Kimi zaman insanlar sevgiyi yalnızca bir duygu olarak ele alırlar. Oysa gerçek sevgi, fedakârlıkla, özveriyle, bilinçli seçimlerle yaşanır. Sevdiğini anlamaya çalışan, onun için mücadele eden, ona değer katan kişi, sevgiyi eyleme döken kişidir.

Kör İnanç Sevgi Barındırmaz

İnanç, sevginin temel taşlarından biridir. Ancak sorgulanmadan inanılan şey, kör bir inanca dönüşür. “Kör inanç, sevginin doğasını bozar; çünkü sevgi özgürlüğü, anlayışı, farkındalığı içinde barındırmalıdır.”

Bir insanı olduğu gibi sevdiğini iddia etmek, ama onu anlamamak, ona sorgusuz sualsiz bağlı olmak, gerçek sevgi değildir. Gerçek sevgi, bireyin kendisini ve karşısındakini olduğu gibi görmesi, eksikleri kabul etmesi ve bu eksiklikleri birlikte aşabilme cesareti göstermesidir.

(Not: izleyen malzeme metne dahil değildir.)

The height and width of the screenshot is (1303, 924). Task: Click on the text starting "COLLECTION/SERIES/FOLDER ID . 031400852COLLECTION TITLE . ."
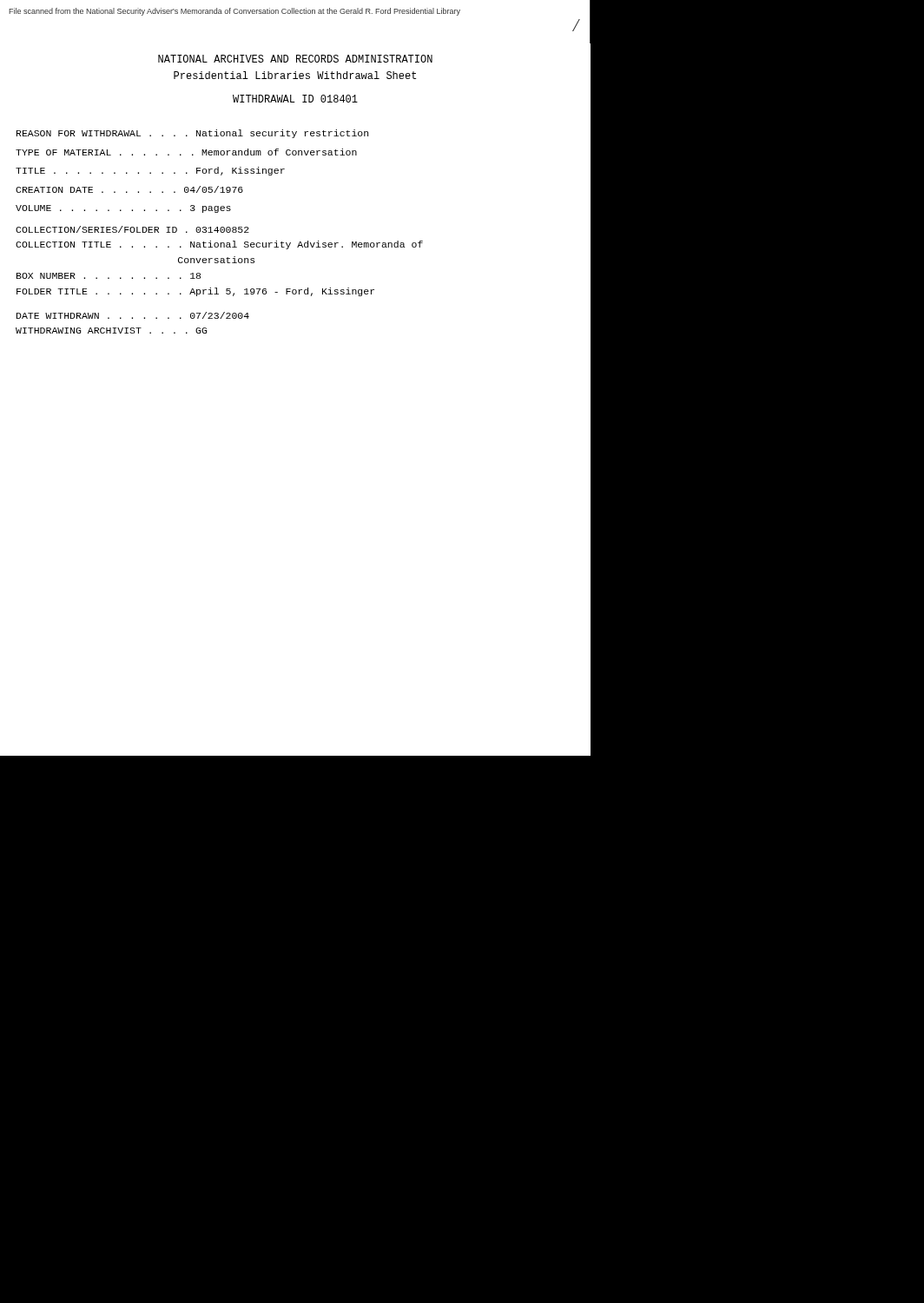[x=219, y=260]
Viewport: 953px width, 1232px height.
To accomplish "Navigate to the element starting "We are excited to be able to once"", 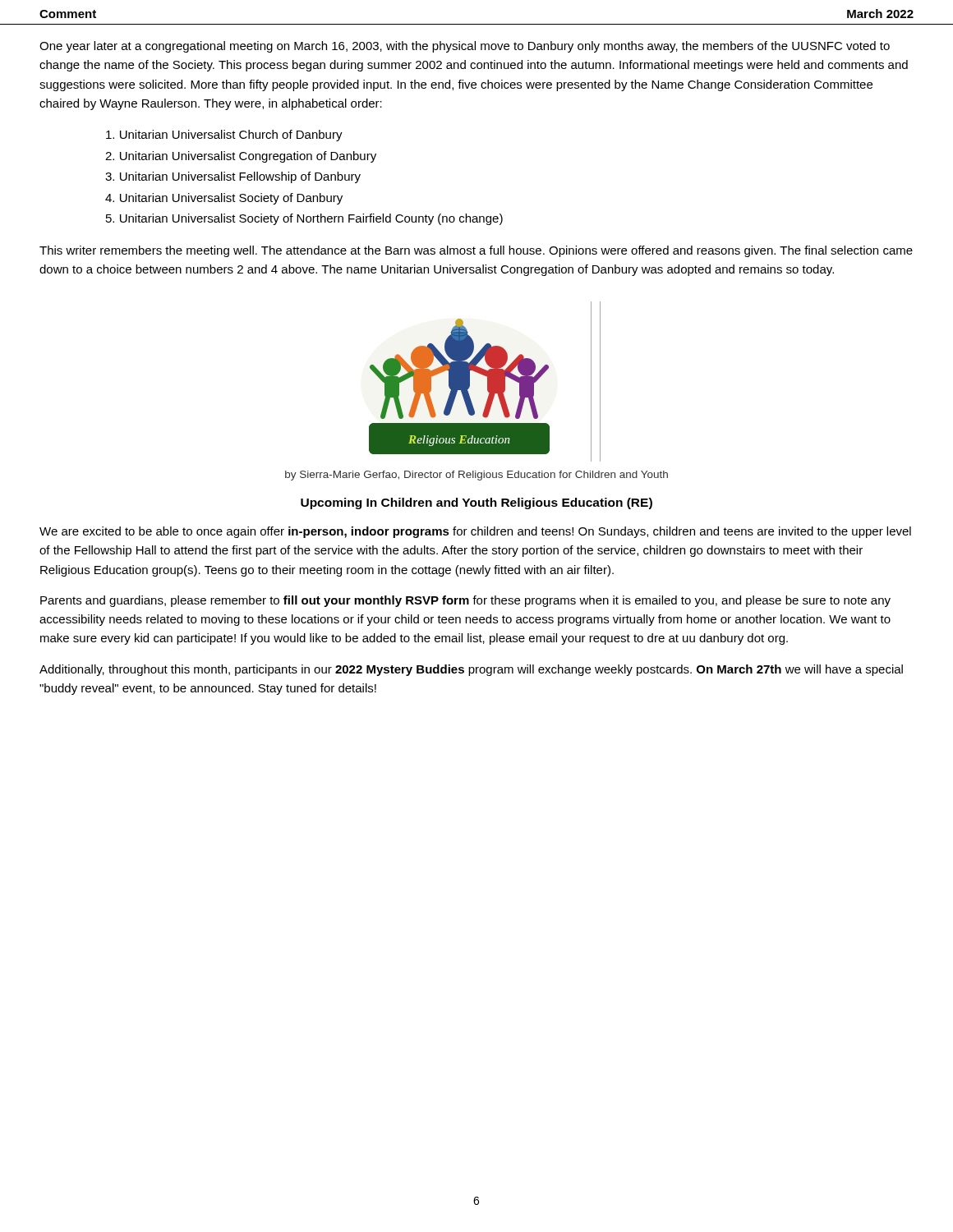I will pos(476,550).

Sevmek, yalnızca bir bağlılık değil, bir farkındalıktır. Sevdiğini olduğu gibi görebilmek, onun kusurlarına rağmen yanında durabilmek ve “ona kendi varoluş alanını tanımak” gerçek sevgidir. Kör inanç ise, bu özgürlüğü ve anlamı ortadan kaldırarak sevgiyi sığlaştırır.

Sevgi Bir Anlam Yolculuğudur

Ne büyük şairler sevginin tarifini yazmıştır, ne filozoflar üzerine düşünmüştür! Ama sevginin en güçlü tarifi, yaşandığında saklıdır. “Rüzgarın şarkı söyleyişi gibi, denizin sonsuz hareketi gibi… Sevgi, varoluşun içinde kendini hep tekrar eder, ama her defasında başka bir anlam bulur.” Bir insanı sevmek, bir çiçeği sulamak gibidir. Eğer toprağa güveniyorsan, güneşi kabul ediyorsan, sevgi büyür ve filizlenir. Ancak toprak şüpheyle beslenirse, suyun bereketi azalır. Sevgi cesaretle birleştiğinde, inancın kanatları altında yükselir.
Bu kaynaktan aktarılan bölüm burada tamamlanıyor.